● **WHAT YOU SHOULD DO**: Count the lines in the records below that contain the word "Rendered", and give only that number.

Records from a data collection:
++++++++

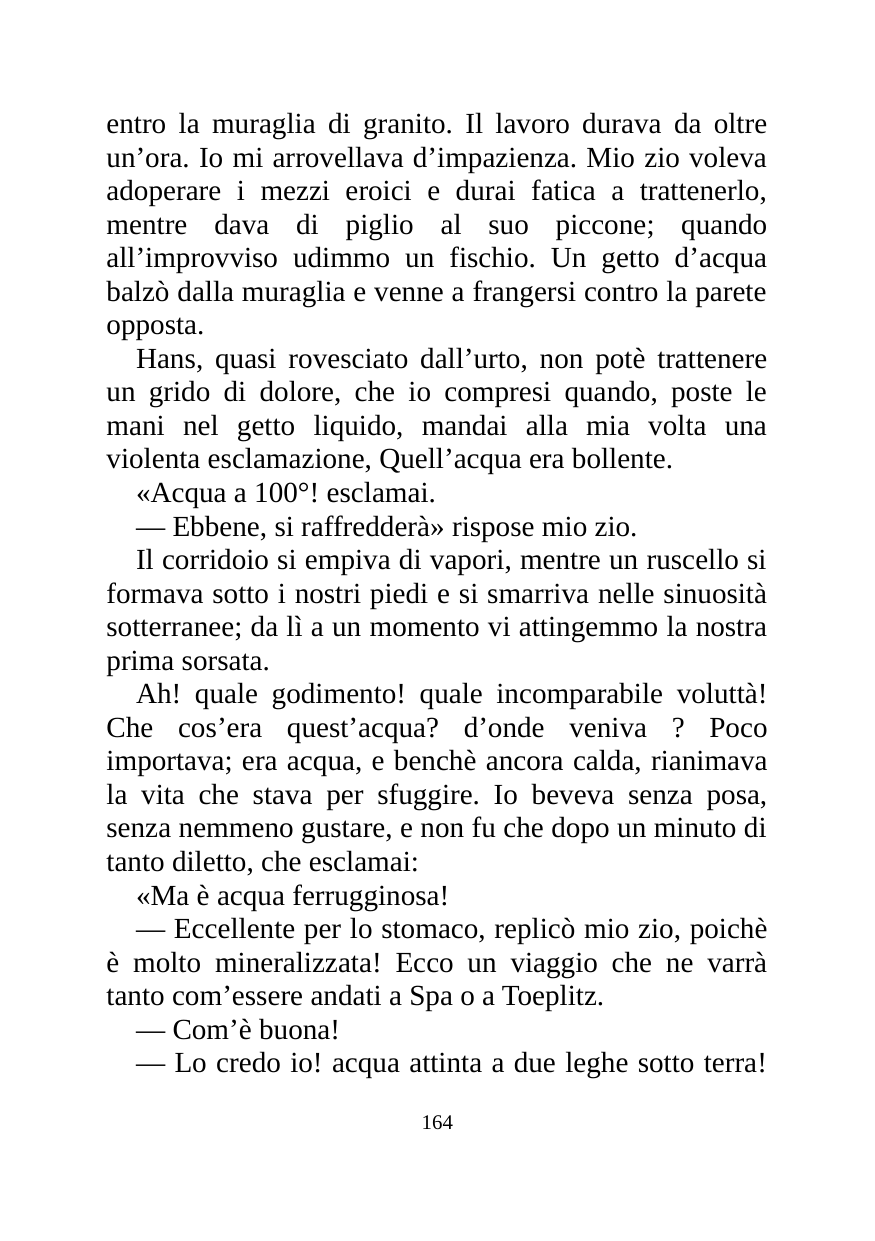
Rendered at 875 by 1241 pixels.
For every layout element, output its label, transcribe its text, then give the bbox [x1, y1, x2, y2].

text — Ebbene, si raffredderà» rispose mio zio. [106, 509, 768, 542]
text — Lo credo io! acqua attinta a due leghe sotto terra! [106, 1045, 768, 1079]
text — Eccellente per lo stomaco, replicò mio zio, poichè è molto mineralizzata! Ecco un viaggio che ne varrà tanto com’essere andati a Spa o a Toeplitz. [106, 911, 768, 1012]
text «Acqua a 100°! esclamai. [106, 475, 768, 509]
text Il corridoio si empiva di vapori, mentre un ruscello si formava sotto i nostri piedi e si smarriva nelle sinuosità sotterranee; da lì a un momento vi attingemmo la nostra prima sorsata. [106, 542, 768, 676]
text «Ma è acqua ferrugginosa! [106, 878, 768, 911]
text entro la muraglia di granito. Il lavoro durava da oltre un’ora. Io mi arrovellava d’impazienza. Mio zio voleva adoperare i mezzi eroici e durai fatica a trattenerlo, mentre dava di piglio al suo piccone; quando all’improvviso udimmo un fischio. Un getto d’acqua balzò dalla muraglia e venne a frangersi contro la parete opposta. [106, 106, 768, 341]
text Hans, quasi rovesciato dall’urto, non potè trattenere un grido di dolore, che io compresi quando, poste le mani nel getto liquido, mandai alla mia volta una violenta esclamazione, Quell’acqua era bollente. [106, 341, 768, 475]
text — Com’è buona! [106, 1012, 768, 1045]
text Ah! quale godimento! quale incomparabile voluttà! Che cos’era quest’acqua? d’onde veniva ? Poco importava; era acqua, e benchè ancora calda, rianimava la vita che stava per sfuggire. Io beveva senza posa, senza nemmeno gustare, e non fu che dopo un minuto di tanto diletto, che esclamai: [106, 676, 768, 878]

++++++++

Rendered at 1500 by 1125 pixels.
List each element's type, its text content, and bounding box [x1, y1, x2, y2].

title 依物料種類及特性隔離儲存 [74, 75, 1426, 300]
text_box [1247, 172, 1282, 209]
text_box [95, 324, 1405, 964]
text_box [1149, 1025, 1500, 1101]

++++++++

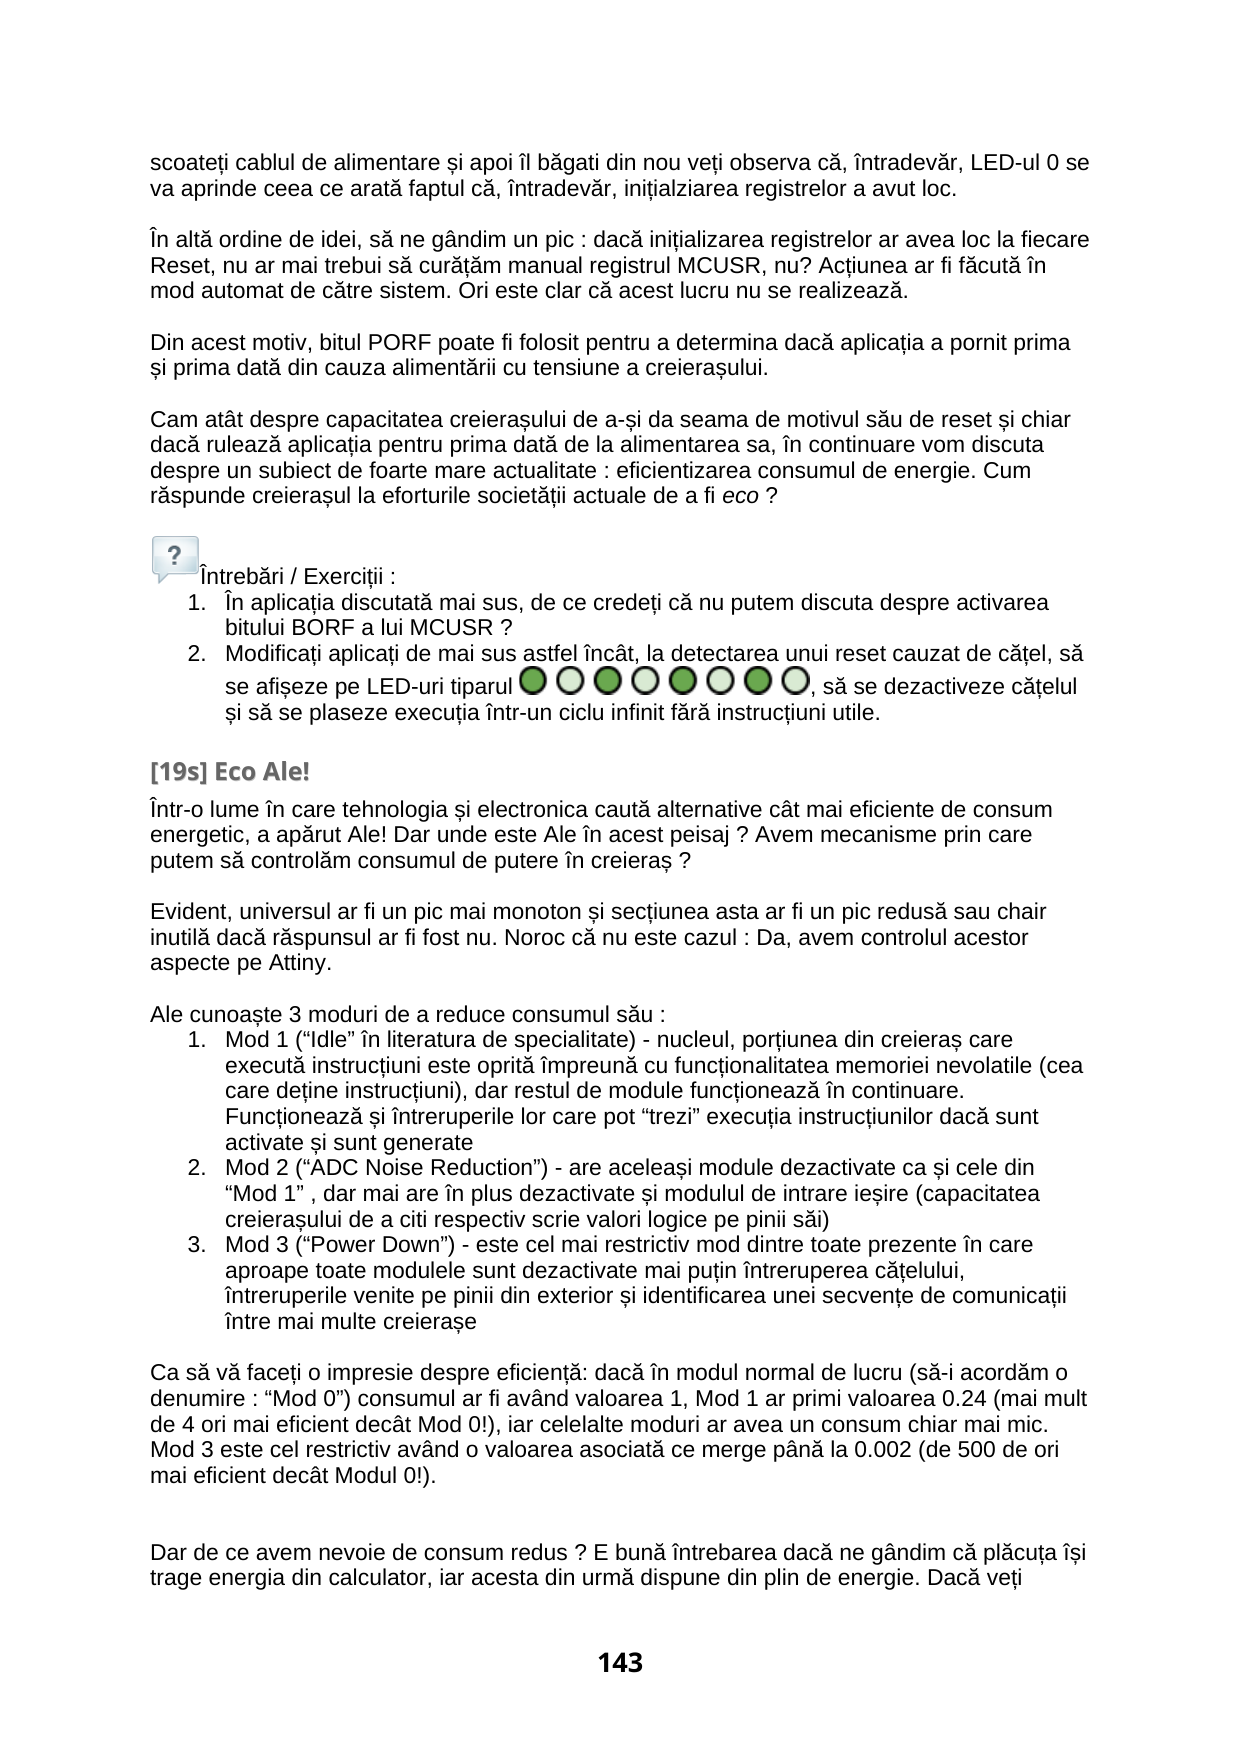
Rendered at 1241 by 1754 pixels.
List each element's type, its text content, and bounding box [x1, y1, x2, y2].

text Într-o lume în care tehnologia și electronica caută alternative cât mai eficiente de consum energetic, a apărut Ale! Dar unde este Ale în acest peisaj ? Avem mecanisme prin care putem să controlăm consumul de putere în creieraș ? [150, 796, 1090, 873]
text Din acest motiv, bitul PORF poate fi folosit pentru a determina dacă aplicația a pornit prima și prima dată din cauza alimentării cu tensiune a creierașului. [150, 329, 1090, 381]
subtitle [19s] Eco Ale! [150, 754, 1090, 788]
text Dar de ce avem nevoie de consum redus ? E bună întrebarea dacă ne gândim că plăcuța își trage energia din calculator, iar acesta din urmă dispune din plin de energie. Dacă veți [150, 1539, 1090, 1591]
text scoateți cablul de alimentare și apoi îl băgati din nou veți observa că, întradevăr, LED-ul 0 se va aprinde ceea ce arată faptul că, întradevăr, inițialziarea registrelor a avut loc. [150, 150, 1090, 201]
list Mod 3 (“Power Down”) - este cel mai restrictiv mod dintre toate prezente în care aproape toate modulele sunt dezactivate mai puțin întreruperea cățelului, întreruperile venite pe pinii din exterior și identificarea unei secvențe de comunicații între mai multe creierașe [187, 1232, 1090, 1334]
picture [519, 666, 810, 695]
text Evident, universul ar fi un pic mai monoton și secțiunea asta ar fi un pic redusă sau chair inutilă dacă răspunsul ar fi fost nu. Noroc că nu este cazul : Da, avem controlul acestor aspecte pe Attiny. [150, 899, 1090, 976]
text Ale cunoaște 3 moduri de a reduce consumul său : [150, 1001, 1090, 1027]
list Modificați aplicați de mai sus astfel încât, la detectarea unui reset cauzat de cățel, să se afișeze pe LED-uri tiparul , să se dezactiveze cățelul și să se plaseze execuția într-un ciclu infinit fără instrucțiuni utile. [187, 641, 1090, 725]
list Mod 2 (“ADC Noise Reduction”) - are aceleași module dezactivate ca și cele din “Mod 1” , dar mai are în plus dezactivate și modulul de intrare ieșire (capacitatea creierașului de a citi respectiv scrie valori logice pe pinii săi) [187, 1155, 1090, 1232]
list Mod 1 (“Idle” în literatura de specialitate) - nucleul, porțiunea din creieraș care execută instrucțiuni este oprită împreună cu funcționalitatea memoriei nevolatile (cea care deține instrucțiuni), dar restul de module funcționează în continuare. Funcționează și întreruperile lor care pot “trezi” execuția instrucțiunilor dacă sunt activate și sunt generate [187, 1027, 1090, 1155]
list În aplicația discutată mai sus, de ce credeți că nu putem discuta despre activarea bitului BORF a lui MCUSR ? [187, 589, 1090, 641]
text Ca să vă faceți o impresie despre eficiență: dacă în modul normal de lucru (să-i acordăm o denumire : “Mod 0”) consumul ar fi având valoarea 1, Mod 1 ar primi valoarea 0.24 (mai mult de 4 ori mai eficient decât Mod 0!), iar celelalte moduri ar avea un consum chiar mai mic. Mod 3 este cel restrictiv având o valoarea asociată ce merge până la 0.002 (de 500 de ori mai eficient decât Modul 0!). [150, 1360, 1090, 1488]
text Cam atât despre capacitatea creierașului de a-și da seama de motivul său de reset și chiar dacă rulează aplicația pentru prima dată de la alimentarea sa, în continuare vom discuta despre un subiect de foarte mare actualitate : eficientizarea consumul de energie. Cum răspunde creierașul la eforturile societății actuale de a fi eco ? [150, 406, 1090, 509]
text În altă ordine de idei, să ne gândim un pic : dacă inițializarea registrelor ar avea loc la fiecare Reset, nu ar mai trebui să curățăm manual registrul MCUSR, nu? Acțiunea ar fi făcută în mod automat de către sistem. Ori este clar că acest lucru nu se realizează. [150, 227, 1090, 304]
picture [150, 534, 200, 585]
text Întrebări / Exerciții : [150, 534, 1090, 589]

++++++++

● **YOUR SOLUTION**: 3